- _Goal of the exercise_
Report, from the records below, every line where the word "Locate" appears.

- _Data extracts_
# # # #

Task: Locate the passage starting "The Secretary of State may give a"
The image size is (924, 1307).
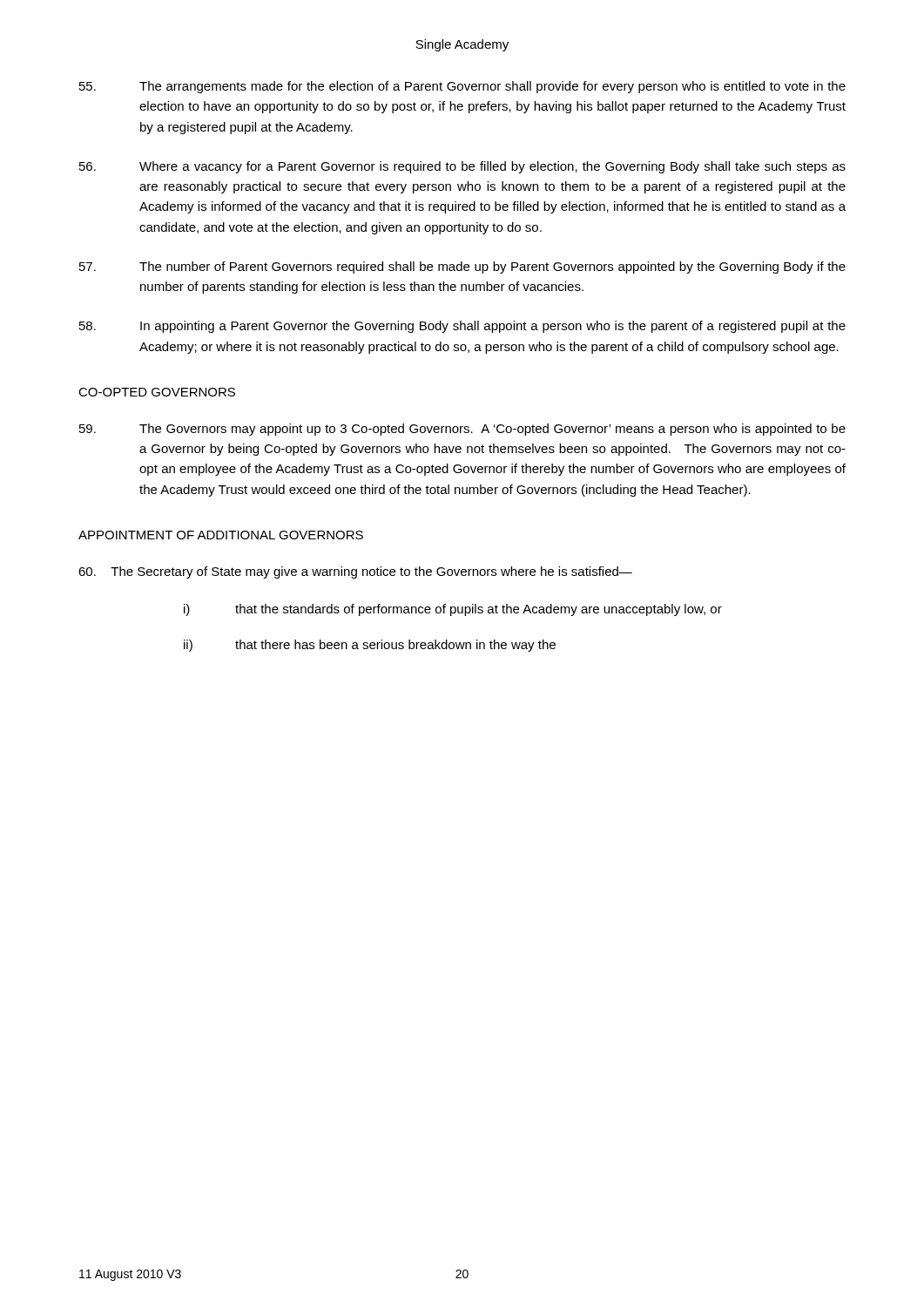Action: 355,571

# # # #

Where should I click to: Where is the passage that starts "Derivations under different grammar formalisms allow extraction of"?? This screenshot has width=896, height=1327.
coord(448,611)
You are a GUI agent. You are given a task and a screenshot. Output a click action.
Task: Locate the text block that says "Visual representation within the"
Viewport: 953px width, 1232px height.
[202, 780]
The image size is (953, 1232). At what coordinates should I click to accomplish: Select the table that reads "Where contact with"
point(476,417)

# # # #

- _Answer to this task_
Task: Locate the passage starting "The Secretary of State may give a"
Task: Locate the text block that says "Visual representation within the"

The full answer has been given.